Tuesday, October 8, 2013

Who wore it better? You decide




I have this habit of blogging first thing in the morning, and last thing at night. The rest of the time I am in purgatory.

No, sorry, I mean. . .

I mean that the editing process, the next step in preparing The Glass Character for publication in the spring, makes me feel kind of like I have glue in my veins. Or sludge. The process is oh, so long, so hard, extremely tiring and frustrating, and an all-around pain in the ass.

But soft! What's this? What light through yonder window breaks?

And why?

Why on earth is Harold Lloyd, our Harold Lloyd, our dishy silent comic-of-a-lifetime, our inspiration for the most aggravating and perhaps hopeless novel in human history, why is OUR Harold Lloyd dressed like a girl?

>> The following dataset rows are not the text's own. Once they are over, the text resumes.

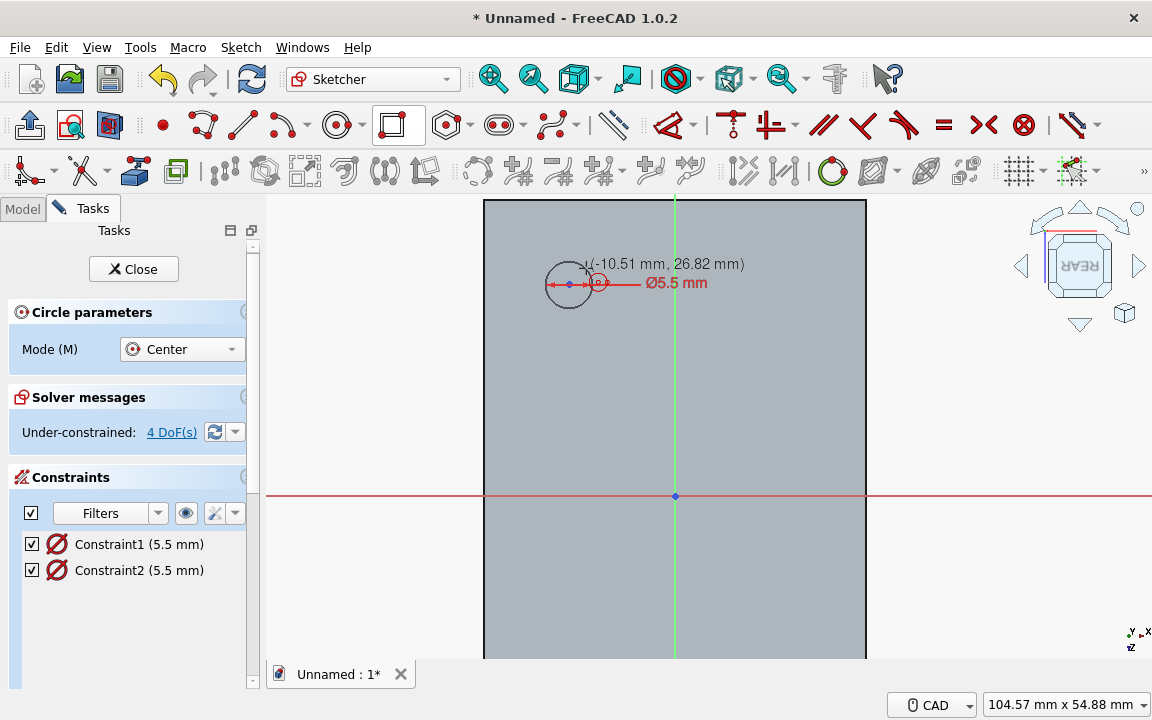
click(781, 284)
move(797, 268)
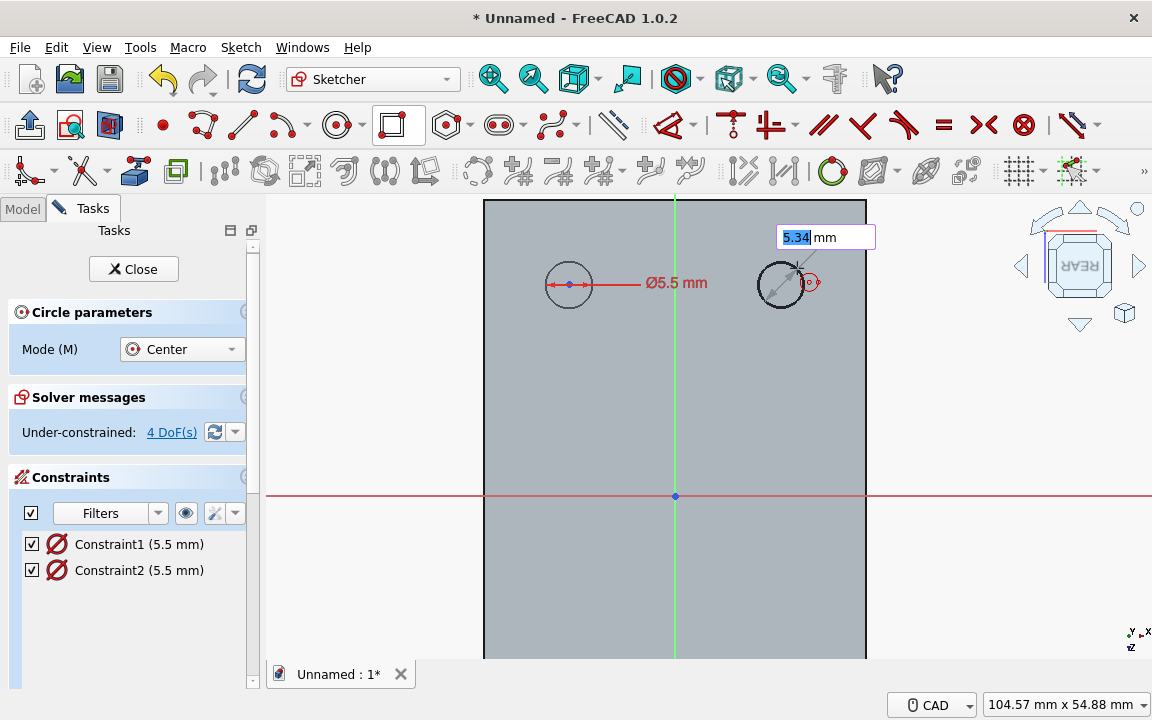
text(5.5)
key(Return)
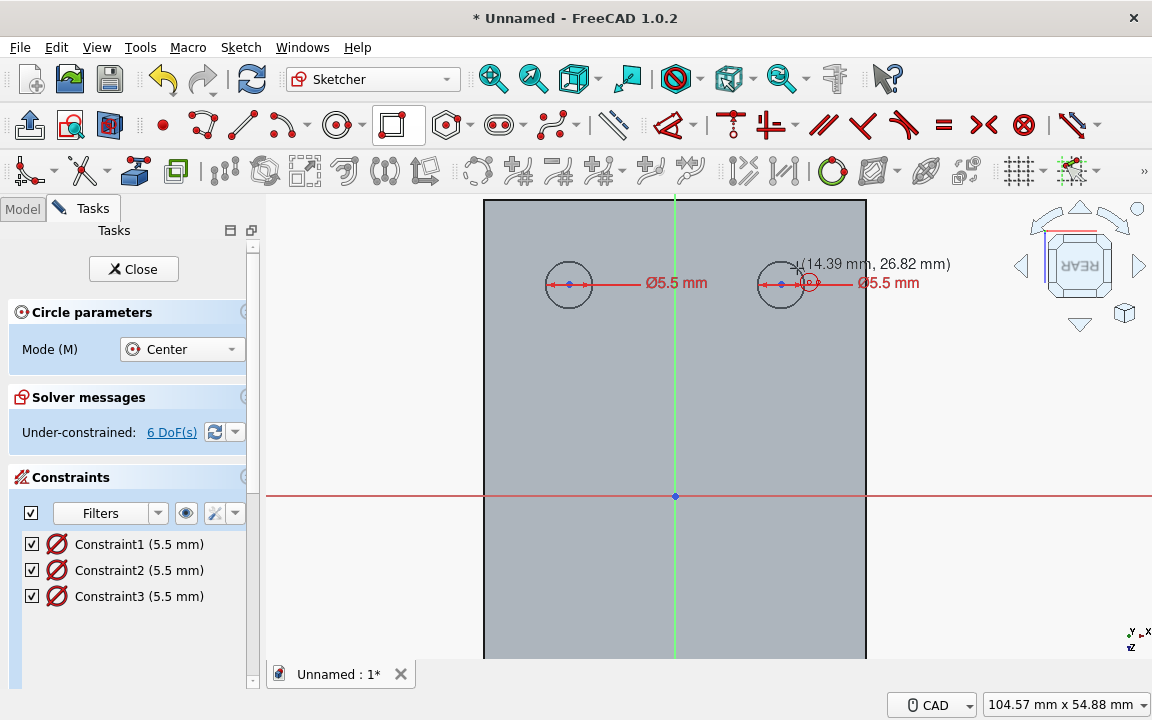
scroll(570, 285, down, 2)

Oh, he looks beautiful, mind. That's not the issue. The turban, feathers, etc. are, well, rather becoming on him. He smiles softly, beguilingly. He looks not only comfortable, but content.

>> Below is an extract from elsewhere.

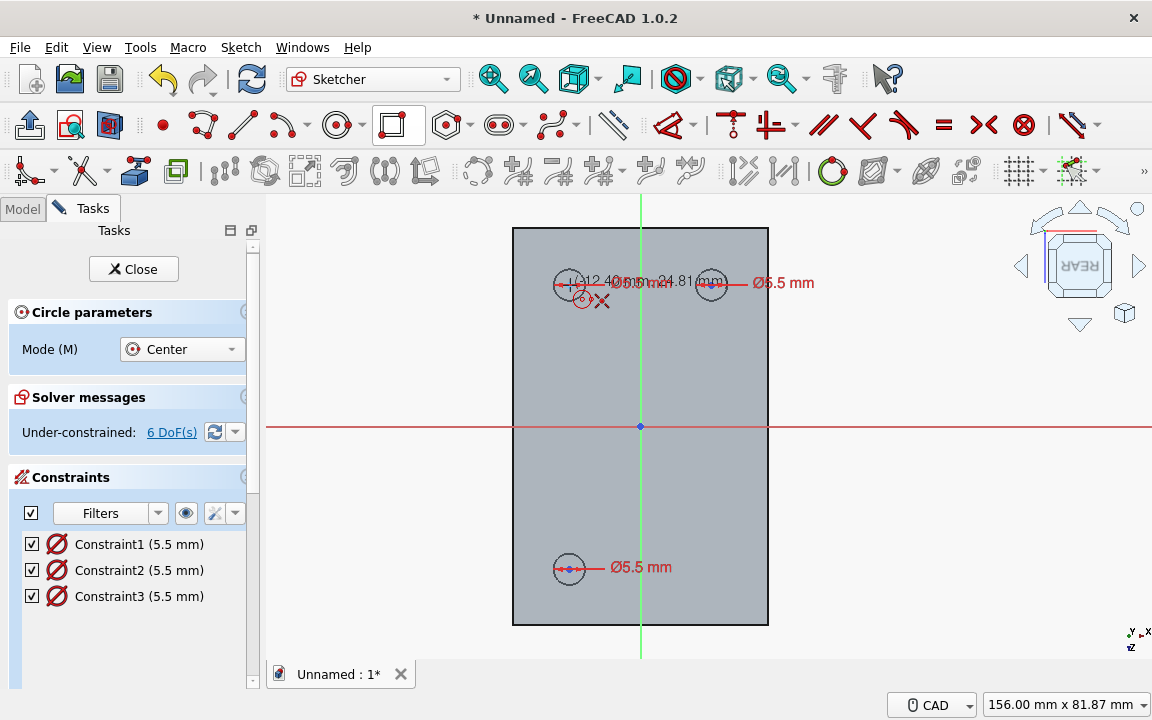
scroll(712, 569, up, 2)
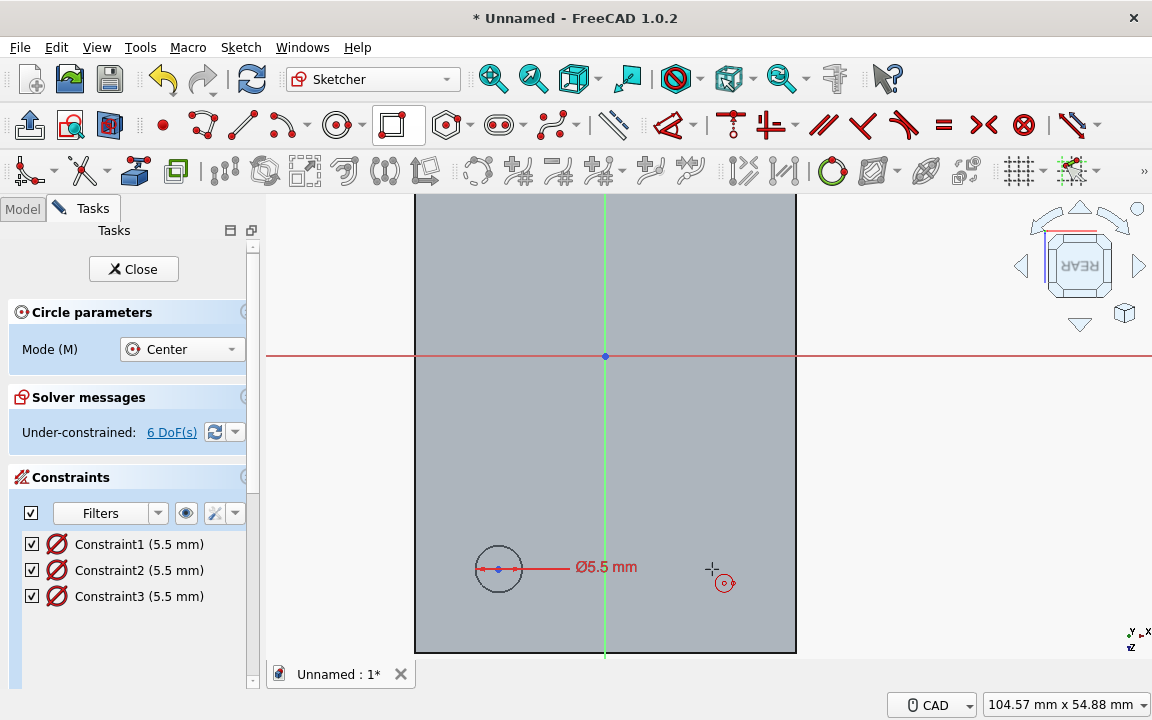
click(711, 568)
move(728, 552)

No, this isn't a Before/After shot, it's Carmen Miranda, famous for her banana-headed tropical outfits and shimmying around the stage. I can't imagine Harold shimmying - well, actually, he DID do a "shimmie" in one of his earliest pictures. I just find the resemblance striking, is all, though it could be that Harold is a touch more feminine.

FEMININE?!

I don't see him that way, never have, though a person I used to call my friend said (having watched her first and last Harold Lloyd movie): "Why do you like him? I thought he was gay." As if that's all that matters about any human being, a quick way to dismiss, to write off.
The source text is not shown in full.